─── PROVIDED ENTRIES ───

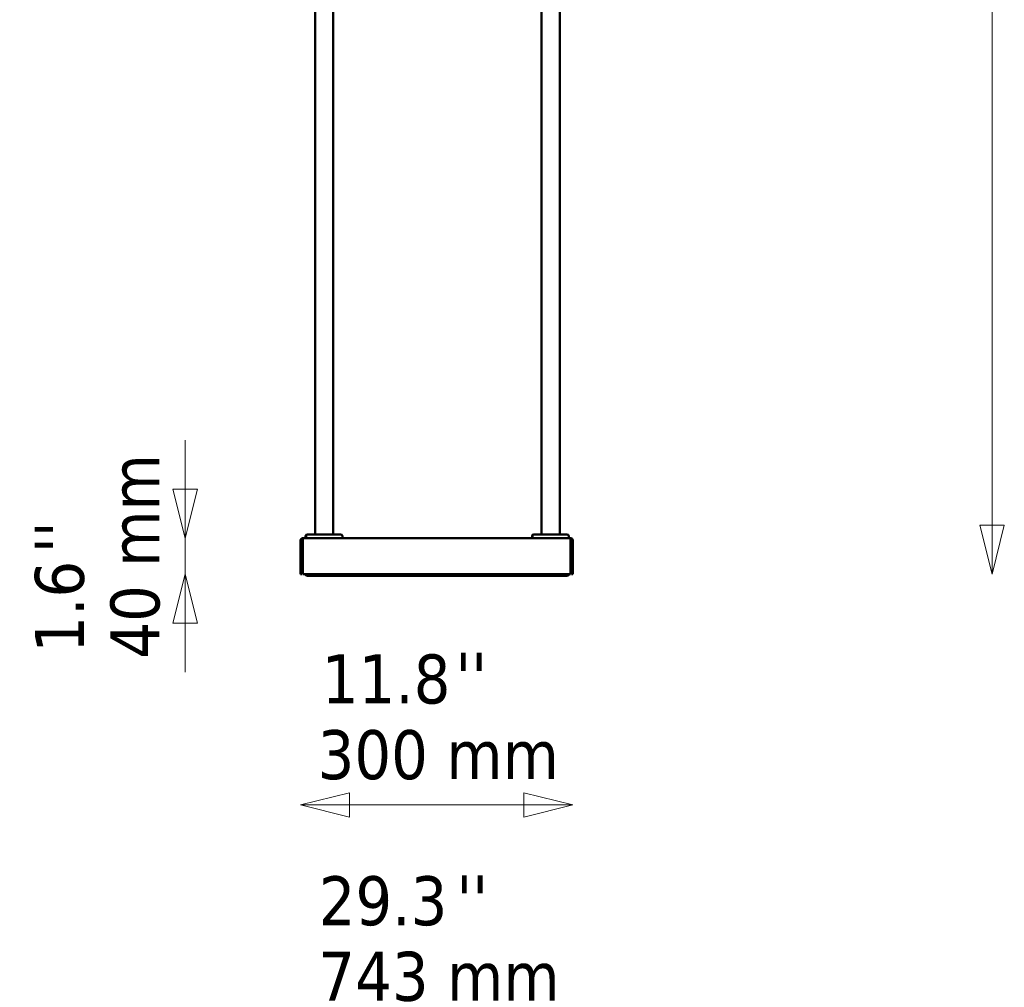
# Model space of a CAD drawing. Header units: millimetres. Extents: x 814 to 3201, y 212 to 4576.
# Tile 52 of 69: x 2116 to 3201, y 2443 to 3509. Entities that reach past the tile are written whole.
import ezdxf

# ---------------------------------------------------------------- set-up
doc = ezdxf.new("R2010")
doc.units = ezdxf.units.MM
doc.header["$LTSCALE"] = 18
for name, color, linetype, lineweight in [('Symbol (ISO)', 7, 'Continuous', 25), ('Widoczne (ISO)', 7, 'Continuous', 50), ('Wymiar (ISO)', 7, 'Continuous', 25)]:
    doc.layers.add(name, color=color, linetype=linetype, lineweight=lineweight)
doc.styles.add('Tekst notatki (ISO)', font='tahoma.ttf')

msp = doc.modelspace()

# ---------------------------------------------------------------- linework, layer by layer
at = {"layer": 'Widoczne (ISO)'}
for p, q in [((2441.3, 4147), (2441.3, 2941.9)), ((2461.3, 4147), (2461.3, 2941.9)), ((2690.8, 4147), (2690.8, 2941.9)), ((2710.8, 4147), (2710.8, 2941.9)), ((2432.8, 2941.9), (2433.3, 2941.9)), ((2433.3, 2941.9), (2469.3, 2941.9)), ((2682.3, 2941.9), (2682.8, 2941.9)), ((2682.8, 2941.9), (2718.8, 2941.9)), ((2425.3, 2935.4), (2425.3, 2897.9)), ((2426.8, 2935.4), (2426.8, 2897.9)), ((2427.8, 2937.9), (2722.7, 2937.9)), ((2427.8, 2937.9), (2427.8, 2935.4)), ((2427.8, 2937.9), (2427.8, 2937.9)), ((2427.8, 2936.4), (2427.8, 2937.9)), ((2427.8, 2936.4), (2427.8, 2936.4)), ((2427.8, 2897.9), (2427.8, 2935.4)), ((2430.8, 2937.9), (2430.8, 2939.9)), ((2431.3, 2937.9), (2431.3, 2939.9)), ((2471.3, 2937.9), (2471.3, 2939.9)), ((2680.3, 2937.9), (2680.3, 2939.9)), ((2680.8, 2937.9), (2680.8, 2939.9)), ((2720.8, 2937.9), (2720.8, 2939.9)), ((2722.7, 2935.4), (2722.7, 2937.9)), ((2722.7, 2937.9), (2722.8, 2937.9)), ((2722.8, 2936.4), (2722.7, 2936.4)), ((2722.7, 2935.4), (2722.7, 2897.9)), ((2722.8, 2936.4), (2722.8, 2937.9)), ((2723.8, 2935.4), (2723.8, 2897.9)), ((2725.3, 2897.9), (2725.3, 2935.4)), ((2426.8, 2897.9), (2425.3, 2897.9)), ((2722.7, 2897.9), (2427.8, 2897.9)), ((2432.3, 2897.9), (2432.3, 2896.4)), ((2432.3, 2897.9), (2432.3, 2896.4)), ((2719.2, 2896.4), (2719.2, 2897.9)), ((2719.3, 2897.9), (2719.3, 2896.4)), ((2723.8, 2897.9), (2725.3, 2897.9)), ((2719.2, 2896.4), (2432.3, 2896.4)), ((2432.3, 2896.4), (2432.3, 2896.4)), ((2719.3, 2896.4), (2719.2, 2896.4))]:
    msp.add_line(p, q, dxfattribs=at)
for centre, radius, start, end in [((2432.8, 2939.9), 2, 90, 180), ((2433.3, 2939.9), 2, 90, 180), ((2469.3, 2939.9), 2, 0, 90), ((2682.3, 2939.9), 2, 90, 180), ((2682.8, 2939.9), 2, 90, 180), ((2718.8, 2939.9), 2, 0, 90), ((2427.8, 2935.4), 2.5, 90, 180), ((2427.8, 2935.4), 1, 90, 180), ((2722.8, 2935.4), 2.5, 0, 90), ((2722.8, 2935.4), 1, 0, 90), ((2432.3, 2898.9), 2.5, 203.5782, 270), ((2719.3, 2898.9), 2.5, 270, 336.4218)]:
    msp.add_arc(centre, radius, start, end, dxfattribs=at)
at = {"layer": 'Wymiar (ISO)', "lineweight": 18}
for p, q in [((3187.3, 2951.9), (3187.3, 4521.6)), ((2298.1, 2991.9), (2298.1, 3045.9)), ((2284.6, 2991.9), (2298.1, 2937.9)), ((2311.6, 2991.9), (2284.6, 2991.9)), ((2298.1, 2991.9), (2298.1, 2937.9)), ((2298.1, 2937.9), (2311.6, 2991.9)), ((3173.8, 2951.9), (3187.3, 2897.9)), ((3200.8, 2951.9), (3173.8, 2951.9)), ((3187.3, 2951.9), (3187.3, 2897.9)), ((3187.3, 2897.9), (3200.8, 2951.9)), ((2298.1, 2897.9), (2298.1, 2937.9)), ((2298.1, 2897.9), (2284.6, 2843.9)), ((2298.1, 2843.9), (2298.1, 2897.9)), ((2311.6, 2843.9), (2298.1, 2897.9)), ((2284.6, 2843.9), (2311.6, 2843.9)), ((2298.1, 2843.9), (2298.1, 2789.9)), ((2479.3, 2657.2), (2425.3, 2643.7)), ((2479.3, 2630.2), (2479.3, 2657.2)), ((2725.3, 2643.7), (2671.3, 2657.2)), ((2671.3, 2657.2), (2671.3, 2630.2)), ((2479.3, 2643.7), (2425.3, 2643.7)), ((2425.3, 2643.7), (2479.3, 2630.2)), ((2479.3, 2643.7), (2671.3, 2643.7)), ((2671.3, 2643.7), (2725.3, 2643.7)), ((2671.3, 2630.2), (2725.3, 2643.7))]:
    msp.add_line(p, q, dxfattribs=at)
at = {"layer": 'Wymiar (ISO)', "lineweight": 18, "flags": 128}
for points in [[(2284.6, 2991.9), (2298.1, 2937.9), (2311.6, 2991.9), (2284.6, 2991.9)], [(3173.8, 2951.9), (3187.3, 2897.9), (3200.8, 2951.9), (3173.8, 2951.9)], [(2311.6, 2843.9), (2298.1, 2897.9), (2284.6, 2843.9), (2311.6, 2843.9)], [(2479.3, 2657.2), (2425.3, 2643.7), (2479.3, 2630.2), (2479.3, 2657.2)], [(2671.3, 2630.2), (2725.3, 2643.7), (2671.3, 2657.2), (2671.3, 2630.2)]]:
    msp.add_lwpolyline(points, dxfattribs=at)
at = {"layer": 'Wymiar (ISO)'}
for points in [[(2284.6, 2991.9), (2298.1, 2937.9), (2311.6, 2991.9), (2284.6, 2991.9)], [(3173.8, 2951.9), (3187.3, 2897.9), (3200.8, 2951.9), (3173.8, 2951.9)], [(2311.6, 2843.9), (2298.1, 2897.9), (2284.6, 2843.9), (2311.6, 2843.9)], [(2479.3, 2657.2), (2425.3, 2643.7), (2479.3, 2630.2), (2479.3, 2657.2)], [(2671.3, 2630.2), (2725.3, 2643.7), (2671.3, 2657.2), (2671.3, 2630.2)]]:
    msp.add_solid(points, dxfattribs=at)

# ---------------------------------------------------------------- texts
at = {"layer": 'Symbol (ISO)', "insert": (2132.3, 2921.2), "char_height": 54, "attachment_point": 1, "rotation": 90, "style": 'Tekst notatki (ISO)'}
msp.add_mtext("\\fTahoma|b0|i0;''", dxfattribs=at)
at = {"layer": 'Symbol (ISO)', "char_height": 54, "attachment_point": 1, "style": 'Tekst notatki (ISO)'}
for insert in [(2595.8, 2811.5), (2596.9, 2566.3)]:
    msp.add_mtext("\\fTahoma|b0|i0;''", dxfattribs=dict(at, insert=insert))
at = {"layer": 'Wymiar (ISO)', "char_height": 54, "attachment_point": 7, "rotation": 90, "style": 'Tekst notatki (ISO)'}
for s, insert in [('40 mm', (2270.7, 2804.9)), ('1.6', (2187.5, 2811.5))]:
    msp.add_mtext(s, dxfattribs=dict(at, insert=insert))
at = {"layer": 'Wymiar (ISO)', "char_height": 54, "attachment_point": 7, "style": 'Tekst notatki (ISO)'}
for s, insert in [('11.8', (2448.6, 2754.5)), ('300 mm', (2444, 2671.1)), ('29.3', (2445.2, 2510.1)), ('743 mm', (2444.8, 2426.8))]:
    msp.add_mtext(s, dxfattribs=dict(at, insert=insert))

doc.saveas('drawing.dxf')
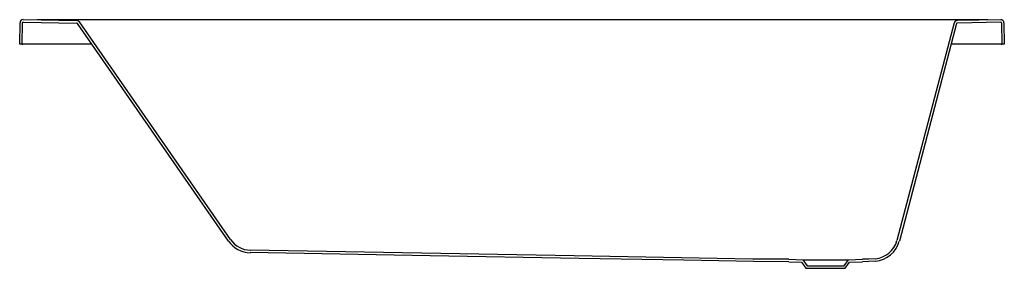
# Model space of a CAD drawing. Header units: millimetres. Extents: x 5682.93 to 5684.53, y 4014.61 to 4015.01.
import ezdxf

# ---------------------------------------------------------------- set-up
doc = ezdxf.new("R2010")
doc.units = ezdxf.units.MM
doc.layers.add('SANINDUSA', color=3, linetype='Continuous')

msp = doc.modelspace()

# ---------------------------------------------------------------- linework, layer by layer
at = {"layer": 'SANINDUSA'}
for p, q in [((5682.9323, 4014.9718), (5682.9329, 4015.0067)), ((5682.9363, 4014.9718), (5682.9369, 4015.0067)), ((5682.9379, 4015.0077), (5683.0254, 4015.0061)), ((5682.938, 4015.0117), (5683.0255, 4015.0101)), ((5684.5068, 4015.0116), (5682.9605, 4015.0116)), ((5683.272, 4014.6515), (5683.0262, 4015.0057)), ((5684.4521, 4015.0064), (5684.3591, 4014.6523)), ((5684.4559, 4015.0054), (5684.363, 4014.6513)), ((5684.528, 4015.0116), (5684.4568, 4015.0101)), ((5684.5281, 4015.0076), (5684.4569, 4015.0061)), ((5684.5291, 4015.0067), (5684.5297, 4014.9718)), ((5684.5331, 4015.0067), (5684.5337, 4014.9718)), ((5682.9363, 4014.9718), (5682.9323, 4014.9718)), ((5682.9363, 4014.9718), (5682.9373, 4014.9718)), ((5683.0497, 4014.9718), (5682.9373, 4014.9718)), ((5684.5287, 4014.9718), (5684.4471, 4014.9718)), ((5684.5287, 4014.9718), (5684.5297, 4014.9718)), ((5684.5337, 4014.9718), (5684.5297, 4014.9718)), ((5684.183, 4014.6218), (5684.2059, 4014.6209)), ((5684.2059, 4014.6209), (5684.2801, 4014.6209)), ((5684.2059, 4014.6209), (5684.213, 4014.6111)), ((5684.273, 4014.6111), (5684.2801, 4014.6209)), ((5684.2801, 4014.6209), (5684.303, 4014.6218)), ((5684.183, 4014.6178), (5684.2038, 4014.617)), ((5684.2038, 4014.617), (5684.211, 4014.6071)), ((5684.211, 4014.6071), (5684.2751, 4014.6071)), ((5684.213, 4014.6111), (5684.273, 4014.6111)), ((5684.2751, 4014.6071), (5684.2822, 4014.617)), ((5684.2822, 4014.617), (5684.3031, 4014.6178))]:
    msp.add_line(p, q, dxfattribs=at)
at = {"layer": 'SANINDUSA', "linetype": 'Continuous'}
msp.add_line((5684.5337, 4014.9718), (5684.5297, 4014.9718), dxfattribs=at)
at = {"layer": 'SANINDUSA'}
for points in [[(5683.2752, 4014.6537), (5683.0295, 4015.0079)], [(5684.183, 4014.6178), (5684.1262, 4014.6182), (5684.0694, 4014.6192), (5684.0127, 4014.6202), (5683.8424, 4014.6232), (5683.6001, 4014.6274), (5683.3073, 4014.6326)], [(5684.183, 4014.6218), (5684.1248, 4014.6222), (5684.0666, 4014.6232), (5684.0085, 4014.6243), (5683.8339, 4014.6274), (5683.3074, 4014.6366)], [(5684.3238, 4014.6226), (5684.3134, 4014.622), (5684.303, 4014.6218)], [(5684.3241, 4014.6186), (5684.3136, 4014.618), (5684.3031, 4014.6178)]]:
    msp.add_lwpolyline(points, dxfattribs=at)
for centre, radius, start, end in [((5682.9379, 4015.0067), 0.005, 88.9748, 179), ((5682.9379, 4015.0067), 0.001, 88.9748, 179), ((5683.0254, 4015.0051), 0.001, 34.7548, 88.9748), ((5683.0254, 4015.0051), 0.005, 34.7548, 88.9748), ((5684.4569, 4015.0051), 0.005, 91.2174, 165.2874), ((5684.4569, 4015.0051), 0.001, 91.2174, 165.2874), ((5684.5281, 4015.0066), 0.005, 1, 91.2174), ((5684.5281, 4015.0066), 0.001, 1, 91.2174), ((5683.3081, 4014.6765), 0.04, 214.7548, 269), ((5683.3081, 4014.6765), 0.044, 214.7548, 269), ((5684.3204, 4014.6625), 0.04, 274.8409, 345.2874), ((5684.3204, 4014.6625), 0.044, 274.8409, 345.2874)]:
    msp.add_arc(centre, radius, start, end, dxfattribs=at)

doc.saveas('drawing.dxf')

───

**WORK REQUIRED**
Show, from the entries above, every line that includes the string "Widoczne".

**RESPONSE TO THE EXERCISE**
for name, color, linetype, lineweight in [('Symbol (ISO)', 7, 'Continuous', 25), ('Widoczne (ISO)', 7, 'Continuous', 50), ('Wymiar (ISO)', 7, 'Continuous', 25)]:
at = {"layer": 'Widoczne (ISO)'}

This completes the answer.